Now you build your own ensemble and experiment with parameters.

### Task 1: Train & Compare (10 min)

- Train a single tree (max_depth=5) on the churn data
- Train a random forest with 100 trees
- Compare test accuracies
- **Does the forest beat the tree?**

### Task 2: See the Plateau (5 min)

- Train forests with n_estimators = 10, 50, 100, 200
- Plot accuracy for each
- **At what point do you see diminishing returns?**

### Task 3: Reflect (5 min)

- If you had to choose: single tree or forest?

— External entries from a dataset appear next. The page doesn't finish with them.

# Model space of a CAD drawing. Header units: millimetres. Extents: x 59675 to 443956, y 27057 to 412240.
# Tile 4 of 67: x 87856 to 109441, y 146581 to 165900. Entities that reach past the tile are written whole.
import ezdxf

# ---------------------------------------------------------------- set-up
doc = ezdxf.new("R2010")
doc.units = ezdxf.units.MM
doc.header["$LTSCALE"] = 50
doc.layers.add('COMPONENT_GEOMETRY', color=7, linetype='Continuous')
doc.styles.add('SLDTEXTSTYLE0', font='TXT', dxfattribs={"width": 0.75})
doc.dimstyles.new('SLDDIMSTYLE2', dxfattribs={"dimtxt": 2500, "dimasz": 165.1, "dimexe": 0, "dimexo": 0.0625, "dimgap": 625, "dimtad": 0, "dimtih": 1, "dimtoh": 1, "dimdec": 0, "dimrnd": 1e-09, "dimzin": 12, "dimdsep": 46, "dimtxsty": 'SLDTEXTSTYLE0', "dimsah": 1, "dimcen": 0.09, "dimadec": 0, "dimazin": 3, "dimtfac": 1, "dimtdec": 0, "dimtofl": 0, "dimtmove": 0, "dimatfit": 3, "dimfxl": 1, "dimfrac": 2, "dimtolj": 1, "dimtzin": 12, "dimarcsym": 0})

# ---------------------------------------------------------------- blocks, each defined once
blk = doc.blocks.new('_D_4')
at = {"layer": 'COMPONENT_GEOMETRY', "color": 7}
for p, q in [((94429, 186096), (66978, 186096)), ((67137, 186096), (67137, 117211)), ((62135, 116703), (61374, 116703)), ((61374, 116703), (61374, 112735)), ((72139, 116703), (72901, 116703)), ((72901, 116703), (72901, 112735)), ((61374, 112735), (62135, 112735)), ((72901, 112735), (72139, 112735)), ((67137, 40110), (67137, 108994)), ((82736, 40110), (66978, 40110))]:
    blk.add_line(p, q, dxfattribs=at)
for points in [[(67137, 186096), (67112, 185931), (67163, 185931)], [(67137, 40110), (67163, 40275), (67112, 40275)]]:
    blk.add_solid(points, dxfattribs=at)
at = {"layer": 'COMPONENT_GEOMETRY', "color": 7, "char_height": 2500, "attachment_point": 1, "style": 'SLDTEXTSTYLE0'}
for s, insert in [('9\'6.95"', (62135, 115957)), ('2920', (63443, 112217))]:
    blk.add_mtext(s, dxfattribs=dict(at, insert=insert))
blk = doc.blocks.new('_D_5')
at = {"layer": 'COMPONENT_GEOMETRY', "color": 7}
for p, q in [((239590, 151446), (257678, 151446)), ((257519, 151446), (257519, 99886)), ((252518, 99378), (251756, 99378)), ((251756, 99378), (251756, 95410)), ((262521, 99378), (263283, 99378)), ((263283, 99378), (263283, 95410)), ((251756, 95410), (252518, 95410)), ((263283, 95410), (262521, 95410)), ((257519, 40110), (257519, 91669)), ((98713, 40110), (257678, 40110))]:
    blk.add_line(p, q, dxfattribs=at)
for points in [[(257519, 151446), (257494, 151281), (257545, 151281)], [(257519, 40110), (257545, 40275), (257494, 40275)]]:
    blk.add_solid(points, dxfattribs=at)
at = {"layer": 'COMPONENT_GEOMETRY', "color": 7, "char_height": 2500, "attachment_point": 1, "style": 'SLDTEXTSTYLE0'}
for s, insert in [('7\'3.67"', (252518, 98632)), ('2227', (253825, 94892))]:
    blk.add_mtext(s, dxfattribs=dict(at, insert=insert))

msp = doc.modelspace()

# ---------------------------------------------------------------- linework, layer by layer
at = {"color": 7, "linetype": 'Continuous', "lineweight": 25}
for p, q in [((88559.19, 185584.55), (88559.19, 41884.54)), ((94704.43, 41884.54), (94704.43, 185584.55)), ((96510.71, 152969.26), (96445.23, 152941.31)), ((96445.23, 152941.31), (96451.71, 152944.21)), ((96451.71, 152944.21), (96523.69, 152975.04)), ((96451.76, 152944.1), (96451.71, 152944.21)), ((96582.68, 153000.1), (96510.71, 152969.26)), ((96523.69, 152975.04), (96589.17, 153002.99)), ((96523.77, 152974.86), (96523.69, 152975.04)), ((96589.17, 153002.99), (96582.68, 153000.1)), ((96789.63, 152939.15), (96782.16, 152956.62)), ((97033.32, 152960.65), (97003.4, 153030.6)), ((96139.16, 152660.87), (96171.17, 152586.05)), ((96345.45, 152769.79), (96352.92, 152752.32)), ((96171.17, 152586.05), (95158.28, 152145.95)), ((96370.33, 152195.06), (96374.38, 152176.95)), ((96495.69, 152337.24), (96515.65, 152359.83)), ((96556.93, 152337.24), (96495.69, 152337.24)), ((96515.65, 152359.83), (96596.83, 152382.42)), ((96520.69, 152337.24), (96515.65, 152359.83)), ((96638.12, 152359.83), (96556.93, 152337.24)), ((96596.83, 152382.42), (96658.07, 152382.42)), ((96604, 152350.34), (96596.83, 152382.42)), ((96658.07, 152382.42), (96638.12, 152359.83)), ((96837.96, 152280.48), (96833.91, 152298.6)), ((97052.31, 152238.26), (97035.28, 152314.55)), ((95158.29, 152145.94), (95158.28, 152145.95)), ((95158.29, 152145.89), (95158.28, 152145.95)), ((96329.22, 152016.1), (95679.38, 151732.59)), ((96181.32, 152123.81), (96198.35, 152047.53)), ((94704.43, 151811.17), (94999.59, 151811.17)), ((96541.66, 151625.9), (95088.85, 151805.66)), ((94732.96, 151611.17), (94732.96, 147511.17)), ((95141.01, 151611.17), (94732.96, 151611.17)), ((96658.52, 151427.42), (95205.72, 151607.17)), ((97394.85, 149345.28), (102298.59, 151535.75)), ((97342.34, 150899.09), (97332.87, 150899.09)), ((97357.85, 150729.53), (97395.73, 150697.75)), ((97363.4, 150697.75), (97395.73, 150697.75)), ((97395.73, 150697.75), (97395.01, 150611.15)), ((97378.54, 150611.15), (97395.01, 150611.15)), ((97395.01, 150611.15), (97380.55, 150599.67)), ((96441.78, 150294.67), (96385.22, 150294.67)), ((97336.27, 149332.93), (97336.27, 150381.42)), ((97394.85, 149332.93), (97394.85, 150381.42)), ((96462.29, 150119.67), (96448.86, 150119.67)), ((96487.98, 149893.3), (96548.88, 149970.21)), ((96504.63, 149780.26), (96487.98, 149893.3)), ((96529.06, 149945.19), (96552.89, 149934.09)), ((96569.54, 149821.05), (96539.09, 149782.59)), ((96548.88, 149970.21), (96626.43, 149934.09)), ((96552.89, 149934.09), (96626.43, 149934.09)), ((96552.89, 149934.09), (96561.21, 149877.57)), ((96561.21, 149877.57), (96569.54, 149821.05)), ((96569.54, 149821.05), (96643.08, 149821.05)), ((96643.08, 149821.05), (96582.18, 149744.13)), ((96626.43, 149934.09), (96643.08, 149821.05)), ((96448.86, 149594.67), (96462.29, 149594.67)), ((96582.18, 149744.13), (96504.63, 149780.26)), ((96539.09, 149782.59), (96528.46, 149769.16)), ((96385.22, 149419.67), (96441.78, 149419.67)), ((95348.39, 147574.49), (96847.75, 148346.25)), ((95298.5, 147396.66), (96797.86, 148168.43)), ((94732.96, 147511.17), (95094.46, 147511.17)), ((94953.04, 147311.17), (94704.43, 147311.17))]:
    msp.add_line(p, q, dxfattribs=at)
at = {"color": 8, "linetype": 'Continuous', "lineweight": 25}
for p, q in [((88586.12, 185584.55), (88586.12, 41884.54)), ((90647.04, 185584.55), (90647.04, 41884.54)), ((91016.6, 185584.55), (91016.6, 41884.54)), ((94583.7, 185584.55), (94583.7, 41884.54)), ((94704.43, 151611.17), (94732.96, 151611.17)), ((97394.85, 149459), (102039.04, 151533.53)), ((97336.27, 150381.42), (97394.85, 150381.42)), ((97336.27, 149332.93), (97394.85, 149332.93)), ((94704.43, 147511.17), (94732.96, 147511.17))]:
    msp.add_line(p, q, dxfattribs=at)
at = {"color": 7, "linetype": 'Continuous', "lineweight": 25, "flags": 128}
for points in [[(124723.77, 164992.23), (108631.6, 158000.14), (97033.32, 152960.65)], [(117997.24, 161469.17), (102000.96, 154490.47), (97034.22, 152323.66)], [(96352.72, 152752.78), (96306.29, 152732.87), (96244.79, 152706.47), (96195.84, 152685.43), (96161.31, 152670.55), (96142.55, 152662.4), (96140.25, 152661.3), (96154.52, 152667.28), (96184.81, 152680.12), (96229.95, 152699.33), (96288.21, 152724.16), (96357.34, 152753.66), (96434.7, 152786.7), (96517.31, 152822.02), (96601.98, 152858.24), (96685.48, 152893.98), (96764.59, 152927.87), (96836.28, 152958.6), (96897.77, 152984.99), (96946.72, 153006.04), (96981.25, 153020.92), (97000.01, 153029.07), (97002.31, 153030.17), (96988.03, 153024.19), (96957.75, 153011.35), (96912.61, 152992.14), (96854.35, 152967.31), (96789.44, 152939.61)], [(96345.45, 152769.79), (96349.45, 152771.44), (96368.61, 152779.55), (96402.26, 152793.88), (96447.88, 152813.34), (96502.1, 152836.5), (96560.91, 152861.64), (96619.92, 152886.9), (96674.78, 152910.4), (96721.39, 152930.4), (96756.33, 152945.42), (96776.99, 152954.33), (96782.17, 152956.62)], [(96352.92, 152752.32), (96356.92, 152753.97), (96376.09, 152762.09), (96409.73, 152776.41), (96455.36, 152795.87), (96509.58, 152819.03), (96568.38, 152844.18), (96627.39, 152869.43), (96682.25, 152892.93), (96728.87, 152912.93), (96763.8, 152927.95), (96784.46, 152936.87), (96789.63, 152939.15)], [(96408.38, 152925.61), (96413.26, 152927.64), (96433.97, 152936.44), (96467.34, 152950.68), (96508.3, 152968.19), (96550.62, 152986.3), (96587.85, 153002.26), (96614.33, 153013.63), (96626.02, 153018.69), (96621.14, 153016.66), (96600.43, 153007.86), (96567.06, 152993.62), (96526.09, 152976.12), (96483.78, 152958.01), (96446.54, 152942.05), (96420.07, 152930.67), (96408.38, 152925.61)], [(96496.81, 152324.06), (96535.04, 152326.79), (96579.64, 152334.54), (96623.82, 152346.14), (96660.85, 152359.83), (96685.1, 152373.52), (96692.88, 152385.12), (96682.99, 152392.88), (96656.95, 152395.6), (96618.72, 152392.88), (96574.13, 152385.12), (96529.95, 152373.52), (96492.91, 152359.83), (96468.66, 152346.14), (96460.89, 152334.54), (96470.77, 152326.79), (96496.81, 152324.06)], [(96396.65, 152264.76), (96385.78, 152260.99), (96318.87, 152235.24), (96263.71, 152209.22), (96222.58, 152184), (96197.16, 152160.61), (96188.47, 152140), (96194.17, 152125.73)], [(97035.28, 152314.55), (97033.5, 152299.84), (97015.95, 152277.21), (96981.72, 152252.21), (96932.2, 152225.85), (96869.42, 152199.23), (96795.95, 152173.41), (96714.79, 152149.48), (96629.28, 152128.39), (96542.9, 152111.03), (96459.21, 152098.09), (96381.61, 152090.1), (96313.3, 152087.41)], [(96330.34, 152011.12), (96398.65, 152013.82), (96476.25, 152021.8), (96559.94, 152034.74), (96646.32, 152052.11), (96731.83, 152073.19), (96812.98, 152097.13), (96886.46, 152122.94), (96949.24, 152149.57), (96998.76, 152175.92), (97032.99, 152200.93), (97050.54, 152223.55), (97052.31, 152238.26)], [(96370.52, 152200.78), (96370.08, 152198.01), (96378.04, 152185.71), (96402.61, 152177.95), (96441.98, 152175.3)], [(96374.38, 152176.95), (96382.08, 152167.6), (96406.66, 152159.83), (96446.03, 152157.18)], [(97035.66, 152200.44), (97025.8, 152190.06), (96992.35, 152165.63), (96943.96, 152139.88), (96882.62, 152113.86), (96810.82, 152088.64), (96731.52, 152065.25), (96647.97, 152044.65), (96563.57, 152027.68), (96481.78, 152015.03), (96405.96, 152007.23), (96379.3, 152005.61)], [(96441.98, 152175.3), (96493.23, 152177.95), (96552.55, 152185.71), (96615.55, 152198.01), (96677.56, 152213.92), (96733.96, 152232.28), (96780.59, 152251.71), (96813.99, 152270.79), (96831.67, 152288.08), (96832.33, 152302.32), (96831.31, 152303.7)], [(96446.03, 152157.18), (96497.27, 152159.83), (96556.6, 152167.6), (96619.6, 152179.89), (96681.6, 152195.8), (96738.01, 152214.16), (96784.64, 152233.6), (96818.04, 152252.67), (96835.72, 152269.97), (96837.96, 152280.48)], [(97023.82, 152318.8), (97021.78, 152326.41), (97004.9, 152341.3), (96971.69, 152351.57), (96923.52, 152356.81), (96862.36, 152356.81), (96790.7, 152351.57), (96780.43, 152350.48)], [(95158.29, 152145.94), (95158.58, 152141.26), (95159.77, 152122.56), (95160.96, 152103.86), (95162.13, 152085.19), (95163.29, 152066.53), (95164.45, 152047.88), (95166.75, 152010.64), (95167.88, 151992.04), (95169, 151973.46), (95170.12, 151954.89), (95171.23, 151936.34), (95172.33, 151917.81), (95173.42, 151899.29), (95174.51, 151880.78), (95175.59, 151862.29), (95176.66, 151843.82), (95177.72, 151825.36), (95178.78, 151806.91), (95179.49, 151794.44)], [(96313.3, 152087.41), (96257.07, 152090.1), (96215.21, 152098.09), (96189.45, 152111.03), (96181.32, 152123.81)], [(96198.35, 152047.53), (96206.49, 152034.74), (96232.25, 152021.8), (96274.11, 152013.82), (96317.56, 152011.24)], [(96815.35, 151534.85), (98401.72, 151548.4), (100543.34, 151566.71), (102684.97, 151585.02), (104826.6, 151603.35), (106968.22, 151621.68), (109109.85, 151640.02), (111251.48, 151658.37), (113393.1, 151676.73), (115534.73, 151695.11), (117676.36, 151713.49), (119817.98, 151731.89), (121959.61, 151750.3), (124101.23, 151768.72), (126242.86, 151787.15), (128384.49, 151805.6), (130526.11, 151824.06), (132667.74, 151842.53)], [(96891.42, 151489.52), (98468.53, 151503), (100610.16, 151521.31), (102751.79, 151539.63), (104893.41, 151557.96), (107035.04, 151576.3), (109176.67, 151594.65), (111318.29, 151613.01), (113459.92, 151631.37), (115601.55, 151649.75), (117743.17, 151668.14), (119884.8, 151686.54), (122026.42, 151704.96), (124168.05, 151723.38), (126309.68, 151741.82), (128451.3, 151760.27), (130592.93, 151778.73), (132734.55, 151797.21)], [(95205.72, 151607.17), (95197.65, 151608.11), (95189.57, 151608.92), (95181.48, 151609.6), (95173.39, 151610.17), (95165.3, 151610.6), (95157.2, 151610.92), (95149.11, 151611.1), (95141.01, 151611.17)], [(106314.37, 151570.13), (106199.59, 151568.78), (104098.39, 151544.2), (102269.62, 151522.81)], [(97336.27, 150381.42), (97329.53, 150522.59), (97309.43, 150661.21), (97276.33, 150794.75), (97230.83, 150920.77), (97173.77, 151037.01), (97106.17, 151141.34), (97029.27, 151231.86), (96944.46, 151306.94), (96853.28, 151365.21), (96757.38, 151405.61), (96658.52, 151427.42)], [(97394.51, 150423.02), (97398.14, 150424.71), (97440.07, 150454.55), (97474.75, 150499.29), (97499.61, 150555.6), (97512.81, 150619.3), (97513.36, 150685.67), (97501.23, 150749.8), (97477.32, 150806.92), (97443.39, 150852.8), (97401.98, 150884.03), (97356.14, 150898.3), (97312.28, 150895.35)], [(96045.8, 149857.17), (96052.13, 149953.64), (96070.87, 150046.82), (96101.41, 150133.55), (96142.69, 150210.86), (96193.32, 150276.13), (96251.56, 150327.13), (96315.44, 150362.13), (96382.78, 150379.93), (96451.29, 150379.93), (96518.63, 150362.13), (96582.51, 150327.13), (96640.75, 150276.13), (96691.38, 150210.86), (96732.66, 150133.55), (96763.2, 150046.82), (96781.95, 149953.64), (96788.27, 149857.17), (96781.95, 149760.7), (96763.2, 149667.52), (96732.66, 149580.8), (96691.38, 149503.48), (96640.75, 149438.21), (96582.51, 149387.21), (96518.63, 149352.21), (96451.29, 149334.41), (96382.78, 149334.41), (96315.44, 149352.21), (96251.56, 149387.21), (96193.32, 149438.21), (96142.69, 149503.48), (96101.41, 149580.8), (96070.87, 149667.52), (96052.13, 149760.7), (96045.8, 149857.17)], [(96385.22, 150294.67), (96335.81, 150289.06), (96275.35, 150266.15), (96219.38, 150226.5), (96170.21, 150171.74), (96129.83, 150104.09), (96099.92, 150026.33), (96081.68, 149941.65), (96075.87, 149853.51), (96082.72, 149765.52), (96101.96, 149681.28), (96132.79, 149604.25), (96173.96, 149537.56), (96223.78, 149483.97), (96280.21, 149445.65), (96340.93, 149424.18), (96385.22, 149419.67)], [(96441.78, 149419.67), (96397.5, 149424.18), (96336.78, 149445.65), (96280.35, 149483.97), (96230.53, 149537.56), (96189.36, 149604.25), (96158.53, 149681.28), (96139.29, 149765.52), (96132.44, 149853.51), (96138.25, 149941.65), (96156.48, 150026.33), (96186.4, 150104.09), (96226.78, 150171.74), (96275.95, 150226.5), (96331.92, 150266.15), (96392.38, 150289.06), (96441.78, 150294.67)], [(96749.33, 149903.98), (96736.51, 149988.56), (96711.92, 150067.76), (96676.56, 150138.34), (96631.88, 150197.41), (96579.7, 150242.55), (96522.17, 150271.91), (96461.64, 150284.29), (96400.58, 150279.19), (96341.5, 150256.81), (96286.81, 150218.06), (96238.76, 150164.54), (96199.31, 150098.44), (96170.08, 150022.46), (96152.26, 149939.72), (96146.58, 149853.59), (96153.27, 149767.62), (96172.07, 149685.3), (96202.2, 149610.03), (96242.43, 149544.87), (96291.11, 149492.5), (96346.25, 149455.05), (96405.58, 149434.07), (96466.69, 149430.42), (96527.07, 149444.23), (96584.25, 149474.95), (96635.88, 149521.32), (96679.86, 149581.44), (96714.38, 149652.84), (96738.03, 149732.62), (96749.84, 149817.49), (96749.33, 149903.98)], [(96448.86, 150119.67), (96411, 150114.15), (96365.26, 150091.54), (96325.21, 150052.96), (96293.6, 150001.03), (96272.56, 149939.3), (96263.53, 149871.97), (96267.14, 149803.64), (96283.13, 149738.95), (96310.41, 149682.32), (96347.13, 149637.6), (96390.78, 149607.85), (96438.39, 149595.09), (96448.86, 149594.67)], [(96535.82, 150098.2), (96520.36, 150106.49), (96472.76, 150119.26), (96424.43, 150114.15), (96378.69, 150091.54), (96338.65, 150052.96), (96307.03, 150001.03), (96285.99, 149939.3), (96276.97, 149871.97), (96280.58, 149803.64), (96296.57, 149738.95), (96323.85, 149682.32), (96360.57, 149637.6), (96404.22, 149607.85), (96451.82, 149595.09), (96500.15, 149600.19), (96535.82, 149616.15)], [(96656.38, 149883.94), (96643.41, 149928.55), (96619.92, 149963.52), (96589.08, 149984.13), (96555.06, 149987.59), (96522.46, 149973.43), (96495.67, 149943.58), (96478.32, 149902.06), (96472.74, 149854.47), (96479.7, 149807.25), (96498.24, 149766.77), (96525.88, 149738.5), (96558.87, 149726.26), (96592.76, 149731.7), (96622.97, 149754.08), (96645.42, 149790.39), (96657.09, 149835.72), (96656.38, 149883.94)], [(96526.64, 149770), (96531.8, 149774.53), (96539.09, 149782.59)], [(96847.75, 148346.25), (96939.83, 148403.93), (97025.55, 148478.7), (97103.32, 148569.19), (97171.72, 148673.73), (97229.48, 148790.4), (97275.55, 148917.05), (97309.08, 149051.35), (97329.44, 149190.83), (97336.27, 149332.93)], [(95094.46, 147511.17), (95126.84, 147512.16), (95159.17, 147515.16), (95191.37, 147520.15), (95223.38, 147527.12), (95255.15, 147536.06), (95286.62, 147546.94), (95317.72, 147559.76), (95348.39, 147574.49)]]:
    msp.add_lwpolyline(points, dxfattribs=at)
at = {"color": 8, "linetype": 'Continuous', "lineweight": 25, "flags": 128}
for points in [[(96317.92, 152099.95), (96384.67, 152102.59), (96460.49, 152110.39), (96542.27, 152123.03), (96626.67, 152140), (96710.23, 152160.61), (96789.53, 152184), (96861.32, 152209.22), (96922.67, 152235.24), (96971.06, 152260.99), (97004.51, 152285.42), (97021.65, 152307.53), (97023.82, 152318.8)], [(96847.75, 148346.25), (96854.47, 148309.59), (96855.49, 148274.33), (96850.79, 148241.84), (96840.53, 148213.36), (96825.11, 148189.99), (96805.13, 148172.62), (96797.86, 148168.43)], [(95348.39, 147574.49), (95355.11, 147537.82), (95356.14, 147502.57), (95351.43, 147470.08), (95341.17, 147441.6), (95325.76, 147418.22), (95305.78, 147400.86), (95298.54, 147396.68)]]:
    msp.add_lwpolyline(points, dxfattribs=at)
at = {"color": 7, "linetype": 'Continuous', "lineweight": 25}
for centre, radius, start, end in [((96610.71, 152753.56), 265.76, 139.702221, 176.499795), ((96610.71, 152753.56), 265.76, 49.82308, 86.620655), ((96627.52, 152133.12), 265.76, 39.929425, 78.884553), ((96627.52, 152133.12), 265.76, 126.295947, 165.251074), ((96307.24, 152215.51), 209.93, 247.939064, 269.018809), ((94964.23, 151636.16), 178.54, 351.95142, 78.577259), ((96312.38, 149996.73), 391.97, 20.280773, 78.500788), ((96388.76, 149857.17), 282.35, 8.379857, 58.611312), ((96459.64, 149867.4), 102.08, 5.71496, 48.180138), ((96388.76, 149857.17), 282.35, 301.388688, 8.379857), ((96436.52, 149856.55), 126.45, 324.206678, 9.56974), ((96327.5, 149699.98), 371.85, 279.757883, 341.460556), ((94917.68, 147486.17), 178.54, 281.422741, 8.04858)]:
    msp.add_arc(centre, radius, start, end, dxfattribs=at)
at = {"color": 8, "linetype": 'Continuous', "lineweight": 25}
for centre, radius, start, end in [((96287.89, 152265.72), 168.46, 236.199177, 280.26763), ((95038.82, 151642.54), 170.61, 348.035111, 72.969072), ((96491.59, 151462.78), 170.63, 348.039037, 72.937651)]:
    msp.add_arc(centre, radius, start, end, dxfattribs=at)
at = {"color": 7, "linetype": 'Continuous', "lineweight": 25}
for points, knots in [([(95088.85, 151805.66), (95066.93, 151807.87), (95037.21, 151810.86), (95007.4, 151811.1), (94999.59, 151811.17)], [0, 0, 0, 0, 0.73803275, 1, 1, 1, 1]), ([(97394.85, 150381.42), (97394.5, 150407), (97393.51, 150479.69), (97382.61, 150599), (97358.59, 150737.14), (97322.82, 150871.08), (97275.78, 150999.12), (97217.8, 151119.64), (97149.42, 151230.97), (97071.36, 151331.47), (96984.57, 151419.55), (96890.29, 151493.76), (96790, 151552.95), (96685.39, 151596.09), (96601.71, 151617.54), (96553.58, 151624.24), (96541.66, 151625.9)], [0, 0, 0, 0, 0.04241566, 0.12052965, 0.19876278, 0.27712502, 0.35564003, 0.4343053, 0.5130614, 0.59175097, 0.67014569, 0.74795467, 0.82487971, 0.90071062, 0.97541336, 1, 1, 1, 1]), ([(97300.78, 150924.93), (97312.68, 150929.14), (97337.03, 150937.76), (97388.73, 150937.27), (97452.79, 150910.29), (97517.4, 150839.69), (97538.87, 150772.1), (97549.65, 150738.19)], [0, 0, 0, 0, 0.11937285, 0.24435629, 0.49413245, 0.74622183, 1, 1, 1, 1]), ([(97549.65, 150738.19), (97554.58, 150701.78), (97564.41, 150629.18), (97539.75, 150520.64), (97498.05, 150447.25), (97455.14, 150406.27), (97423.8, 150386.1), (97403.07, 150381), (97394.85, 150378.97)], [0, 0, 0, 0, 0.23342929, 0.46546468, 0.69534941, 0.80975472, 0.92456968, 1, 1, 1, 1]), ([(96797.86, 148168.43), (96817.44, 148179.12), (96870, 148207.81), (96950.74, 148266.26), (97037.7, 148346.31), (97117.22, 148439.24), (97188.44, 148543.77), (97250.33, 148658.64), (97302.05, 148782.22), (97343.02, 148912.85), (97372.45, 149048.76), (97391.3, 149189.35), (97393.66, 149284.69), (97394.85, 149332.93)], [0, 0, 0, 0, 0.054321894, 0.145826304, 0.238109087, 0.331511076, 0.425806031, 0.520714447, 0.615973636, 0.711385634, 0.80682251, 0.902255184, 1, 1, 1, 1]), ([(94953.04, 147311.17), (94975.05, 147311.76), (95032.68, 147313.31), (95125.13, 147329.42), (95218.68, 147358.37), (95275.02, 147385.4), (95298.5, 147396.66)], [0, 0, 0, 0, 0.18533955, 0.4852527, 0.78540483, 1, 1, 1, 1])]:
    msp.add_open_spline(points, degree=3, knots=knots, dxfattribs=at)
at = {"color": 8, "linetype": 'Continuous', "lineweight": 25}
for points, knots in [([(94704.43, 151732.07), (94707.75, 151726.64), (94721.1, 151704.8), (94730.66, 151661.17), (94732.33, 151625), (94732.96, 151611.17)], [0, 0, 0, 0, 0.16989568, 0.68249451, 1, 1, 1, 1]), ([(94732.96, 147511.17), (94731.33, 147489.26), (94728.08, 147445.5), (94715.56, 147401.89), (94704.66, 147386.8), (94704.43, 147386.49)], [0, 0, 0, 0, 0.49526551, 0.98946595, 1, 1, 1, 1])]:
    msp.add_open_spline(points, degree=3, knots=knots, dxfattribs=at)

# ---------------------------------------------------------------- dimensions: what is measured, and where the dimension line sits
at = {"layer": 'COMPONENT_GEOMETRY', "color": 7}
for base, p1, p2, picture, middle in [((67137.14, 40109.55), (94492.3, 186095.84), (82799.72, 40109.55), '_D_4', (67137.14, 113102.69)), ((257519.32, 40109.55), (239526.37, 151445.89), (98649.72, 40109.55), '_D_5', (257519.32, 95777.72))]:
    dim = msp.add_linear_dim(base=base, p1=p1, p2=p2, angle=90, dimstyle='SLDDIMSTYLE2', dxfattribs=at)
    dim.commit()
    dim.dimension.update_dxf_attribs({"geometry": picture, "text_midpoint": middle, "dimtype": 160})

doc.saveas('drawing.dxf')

Why?
- When would you *not* use a forest?

---

## Student Practice: Code Along Below

In [None]:
# TASK 1: Train your own single tree and forest
# TODO: Train a DecisionTreeClassifier and a RandomForestClassifier
# Hint: Use max_depth=5 for the tree, n_estimators=100 for the forest

my_tree = None  # REPLACE THIS
my_forest = None  # REPLACE THIS

if my_tree and my_forest:
    tree_acc = my_tree.score(X_test, y_test)
    forest_acc = my_forest.score(X_test, y_test)

    print(f"Your Single Tree Accuracy: {tree_acc:.4f}")
    print(f"Your Forest Accuracy: {forest_acc:.4f}")
    print(f"\nImprovement: {(forest_acc - tree_acc)*100:.2f}%")
    print(f"Forest wins: {forest_acc > tree_acc}")
else:
    print("TODO: Train your models in this cell")

In [None]:
# TASK 2: Train forests with different n_estimators and see the plateau
# TODO: Train forests with 10, 50, 100, 200 trees and record accuracy

my_n_estimators = [10, 50, 100, 200]
my_accuracies = []

# YOUR CODE HERE:
# for n in my_n_estimators:
#     forest = RandomForestClassifier(n_estimators=n, max_depth=5, random_state=42)
#     forest.fit(X_train, y_train)
#     acc = forest.score(X_test, y_test)
#     my_accuracies.append(acc)

if my_accuracies:
    # Plot it
    plt.figure(figsize=(10, 6))
    plt.plot(my_n_estimators, my_accuracies, marker='o', linewidth=2, markersize=8)
    plt.xlabel('Number of Trees')
    plt.ylabel('Test Accuracy')
    plt.title('Your Forest: Accuracy vs Number of Trees')
    plt.grid(True, alpha=0.3)
    plt.tight_layout()
    plt.show()

    # Print values
    for n, acc in zip(my_n_estimators, my_accuracies):
        print(f"n_estimators={n}: accuracy={acc:.4f}")
else:
    print("TODO: Train your forests and record accuracies")

## Reflection Questions (TASK 3)

**Discuss with your partner:**

1. Did your forest beat your single tree? By how much?
2. Where did you see diminishing returns? (How many trees before accuracy plateaued?)
3. If you had to pick one for production, which would you use? Why?
4. When might you *not* want to use a random forest?

In [None]:
# TASK 3: Reflection
# Type your thoughts as comments

# 1. Forest vs Single Tree:
#    YOUR ANSWER HERE

# 2. Diminishing returns at:
#    YOUR ANSWER HERE

# 3. For production, I would choose:
#    YOUR ANSWER HERE

# 4. When NOT to use forests:
#    YOUR ANSWER HERE

---

## Summary

**Key takeaways:**

1. **Single trees are unstable** → small data changes → very different trees
2. **Forests reduce variance** → many trees averaged → stable, accurate predictions
3. **More trees help, then plateau** → diminishing returns kick in (usually 50-100 trees is enough)
4. **Forests are still interpretable** → feature importance tells you what matters
5. **Ensemble is a fundamental ML principle** → applies to many algorithms, not just trees

**Trade-off:** Forests are more accurate but less interpretable than single trees. You can't easily "see" how a forest decides, unlike a single tree.

**Next steps:** XGBoost, Gradient Boosting—take this idea further with adaptive tree selection.